As the summer starts to disappear, and with it any hope of having a barbecue, think of this recipe. It uses the classic and ancient Indian dhungar method of smoking food by placing a smouldering piece of charcoal in the centre of the curry and pouring a little oil over it, then covering for a minute so that the smoky flavours permeate. Close your eyes and you could be in a street market in Delhi, just without the cows.
In order to cook this dish safely, it’s best to smoke it outside – i.e. when you’ve burned the coal, place it in the pan and carry it outside, so that no smoke enters your house. Only ever use natural lumpwood charcoal to smoke with, as it’s a natural form of wood charcoal.
- Yield: 4 to 6 Servings as a side
- 4 tablespoons rapeseed oil (plus 1 teaspoon for smoking)

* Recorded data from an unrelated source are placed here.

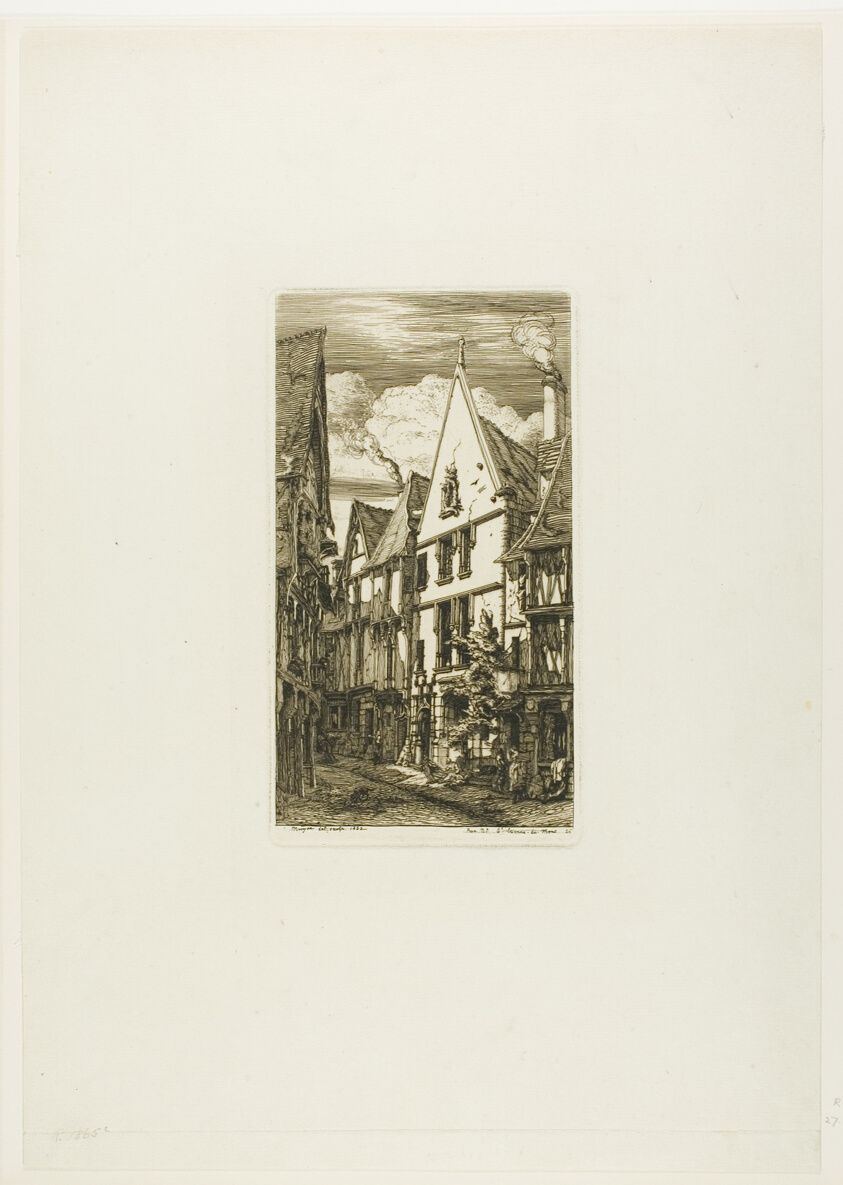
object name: Print
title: Rue des Toiles, Bourges
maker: Charles Meryon (French, 1821-1868)
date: 1853
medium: Etching and drypoint on ivory laid paper
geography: France
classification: etching; print; prints and drawing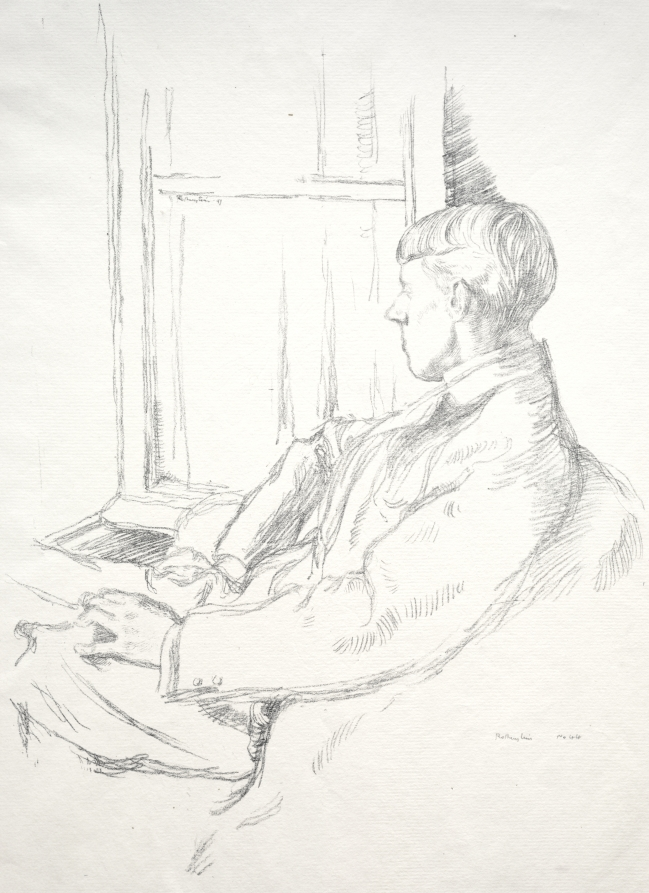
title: Aubrey Vincent Beardsley
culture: England, late 19th-early 20th century
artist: William Rothenstein (British, 1872–1945)
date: c. 1897
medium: lithograph
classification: Print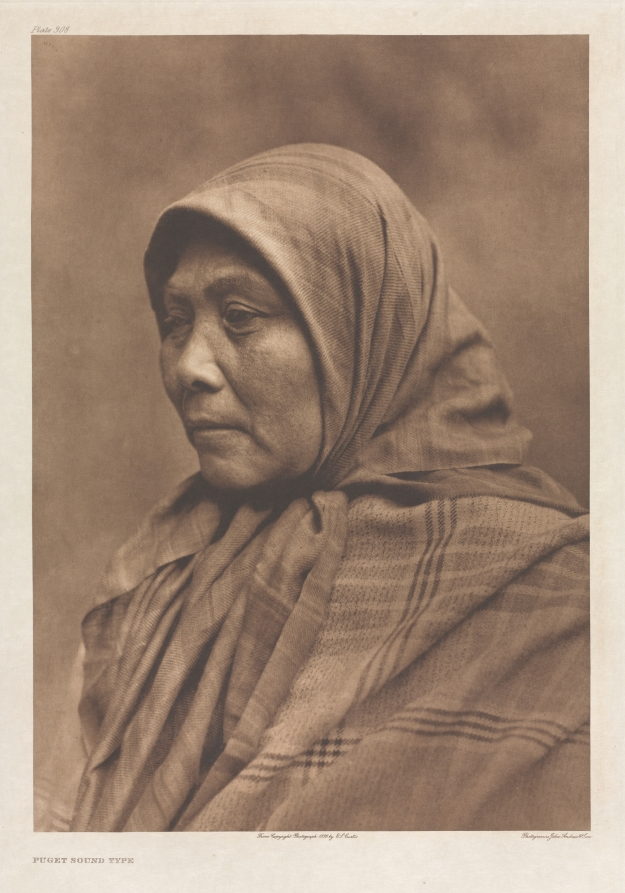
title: Portfolio IX, Plate 308: Puget Sound Type
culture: America
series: The North American Indian: being a series of Portfolios picturing and describing the Indians of the United States, the Dominion of Canada, and Alaska
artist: Edward S. Curtis (American, 1868–1952)
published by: The University Press
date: 1899
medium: photogravure
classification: Portfolio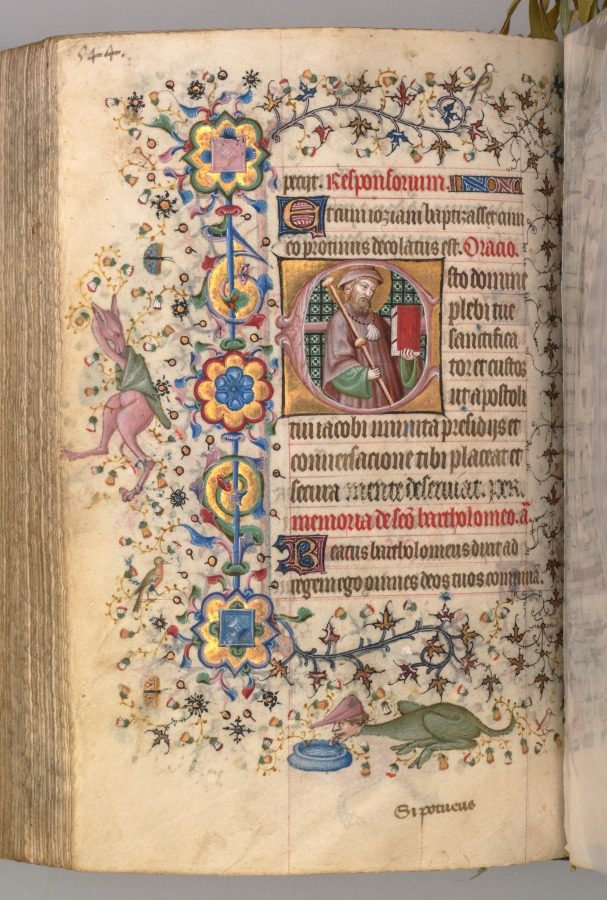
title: Hours of Charles the Noble, King of Navarre (1361-1425): fol. 266v, St. James
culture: France, Paris
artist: Master of the Brussels Initials and Associates (French)
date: c. 1405
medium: ink, tempera, and gold on vellum
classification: Bound Volume
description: This precious volume was obviously highly prized by its owner, the French-born King of Navarre, who had his coat of arms painted on no less than twenty folios. Rather than directly commissioning this manuscript from a specific workshop, it seems that Charles the Noble acquired his book of hours -- perhaps ready-made for the luxury market -- while on a trip to Paris in 1404-05. A collaborative effort, six painting styles are evidenced within the pages of this codex, those of two Italians, two Frenchmen, and two Netherlanders. The painter who was responsible for the planning and decoration of the book, and who produced seventeen of the large miniatures, was a Bolognese artist known as the Master of the Brussels Initials. His principal assistant, responsible for most of the borders, was a Florentine who signed his name "Zecho" da Firenze on folio 208 verso.

- 2 medium white onions, sliced
- 5 cloves of garlic, crushed
- 3 cm ginger, peeled and grated
- 3 medium aubergines (900 g), cut into 5 cm x 2 cm batons
- 4 large ripe tomatoes, cut into wedges
- 1¼ teaspoons chilli powder
- 1 teaspoon salt
- 0.33 teaspoon ground turmeric
- 1 teaspoon ground coriander
- 1 teaspoon ground cumin
- a piece of charcoal around 2 cm x 2 cm
- Put the 4 tablespoons of oil into a large lidded frying pan over a medium heat. When hot, add the onions and fry for around 10 minutes, until soft and beginning to brown. Add the garlic and ginger and fry for 2 to 3 minutes, until the raw smell of the garlic disappears.

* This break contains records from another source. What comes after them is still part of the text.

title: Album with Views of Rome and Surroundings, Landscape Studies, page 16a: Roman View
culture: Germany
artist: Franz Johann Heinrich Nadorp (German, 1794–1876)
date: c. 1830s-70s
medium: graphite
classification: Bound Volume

- Next add the aubergines, along with 6 tablespoons of water, stir and pop the lid on the pan. Cook for around 15 minutes, until the aubergine pieces have collapsed, stirring very occasionally. Add the tomato wedges, chilli powder, salt, turmeric, coriander and cumin, cook for 3 to 4 minutes with the lid off, until the tomatoes become jammy around the edges, then take the pan off the heat.
- To smoke the curry, place a little heatproof bowl in the centre of the pan. Hold the charcoal in a pair of tongs over a small flame until the edges burn white and red. Then place it carefully in the small bowl, put the lid over the pan and carefully carry outdoors, along with the oil for smoking and a pair of tongs. Place the pan down, open the lid, pour the teaspoon of oil over the hot coal and close the lid again to trap the smoke. For a subtle smoky flavour, smoke the curry for 1 minute. For a nicely smoked flavour, smoke for 2 minutes. Remove the bowl using the tongs and run it under a tap to extinguish the coal.
- Taste the curry for chilli and salt. Adjust if need be, then serve with rice or buttery naan bread and yoghurt.